REQUIREMENT
Could you filter the records below and return each line that holds "answer"?

::: RECORDS SHOWN :::

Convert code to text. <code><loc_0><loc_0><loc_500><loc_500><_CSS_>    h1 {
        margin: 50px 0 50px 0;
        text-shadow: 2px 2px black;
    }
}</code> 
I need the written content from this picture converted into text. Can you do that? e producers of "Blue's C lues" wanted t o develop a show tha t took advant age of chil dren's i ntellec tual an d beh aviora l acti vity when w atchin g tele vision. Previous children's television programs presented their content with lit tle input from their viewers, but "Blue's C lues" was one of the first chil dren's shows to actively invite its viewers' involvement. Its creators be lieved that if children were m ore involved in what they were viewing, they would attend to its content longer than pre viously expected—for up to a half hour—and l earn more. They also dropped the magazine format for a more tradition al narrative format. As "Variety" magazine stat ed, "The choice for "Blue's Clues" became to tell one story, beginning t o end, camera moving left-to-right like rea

:::
::: RECORDS SHOWN :::

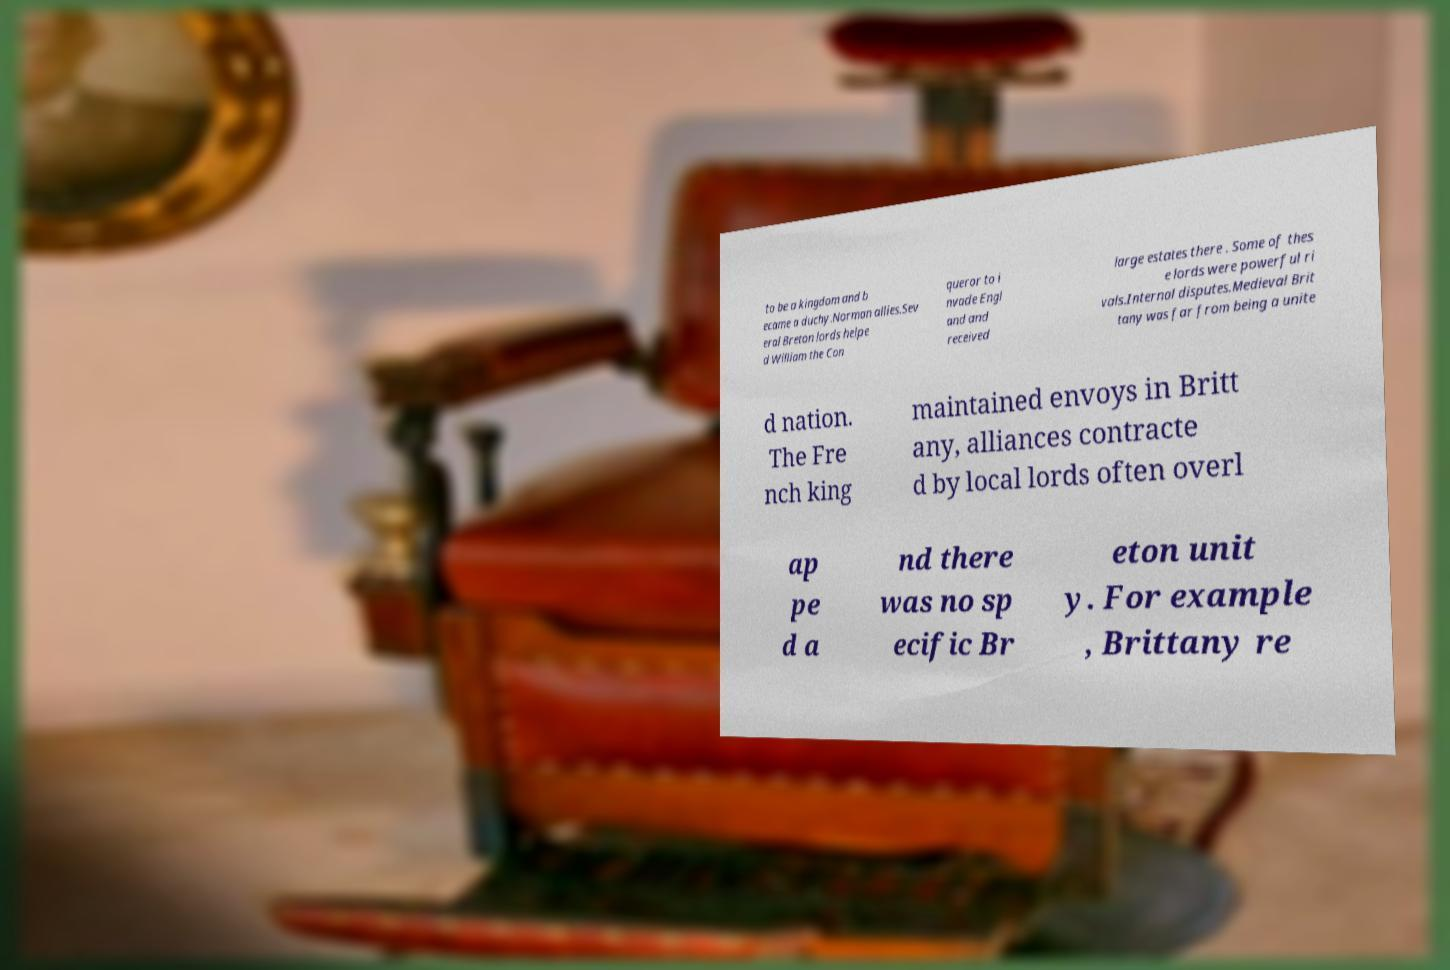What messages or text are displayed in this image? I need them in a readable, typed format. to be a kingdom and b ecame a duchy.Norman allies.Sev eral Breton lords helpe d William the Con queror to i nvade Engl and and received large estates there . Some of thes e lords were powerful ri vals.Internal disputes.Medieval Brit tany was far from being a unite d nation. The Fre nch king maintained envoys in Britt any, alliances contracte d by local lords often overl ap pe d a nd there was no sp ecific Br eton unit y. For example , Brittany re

:::
::: RECORDS SHOWN :::

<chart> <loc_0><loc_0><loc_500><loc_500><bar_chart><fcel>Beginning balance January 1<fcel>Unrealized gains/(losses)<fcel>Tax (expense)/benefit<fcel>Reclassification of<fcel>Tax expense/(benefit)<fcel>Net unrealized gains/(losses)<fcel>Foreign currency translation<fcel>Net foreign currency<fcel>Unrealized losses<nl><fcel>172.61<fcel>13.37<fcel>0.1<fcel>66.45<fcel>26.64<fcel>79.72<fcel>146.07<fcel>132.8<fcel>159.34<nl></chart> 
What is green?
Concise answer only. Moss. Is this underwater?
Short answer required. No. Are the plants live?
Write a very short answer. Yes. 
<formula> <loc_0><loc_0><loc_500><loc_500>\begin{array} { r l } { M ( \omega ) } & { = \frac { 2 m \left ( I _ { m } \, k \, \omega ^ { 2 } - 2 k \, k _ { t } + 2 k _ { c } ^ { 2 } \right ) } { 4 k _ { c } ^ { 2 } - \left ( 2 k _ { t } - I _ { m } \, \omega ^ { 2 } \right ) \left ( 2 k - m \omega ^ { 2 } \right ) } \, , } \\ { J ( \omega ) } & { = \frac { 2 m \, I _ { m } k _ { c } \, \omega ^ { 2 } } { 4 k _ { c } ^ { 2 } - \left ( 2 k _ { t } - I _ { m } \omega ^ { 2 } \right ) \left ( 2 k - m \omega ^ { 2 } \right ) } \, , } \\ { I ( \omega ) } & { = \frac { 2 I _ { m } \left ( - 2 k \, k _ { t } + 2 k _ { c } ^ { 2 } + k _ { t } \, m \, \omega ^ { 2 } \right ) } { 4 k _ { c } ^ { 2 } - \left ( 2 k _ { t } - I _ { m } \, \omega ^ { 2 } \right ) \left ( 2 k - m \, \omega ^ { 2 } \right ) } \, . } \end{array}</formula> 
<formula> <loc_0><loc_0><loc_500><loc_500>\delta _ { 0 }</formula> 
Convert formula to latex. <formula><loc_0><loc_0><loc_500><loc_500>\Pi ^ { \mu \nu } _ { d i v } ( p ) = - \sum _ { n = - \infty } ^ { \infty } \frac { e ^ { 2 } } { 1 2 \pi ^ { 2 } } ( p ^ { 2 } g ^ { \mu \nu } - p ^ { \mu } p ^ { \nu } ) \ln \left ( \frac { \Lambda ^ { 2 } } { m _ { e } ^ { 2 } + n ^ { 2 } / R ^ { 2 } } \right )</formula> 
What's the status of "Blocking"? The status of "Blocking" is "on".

:::

OUTPUT OF THE EXERCISE
Concise answer only. Moss. Is this underwater?
Short answer required. No. Are the plants live?
Write a very short answer. Yes. 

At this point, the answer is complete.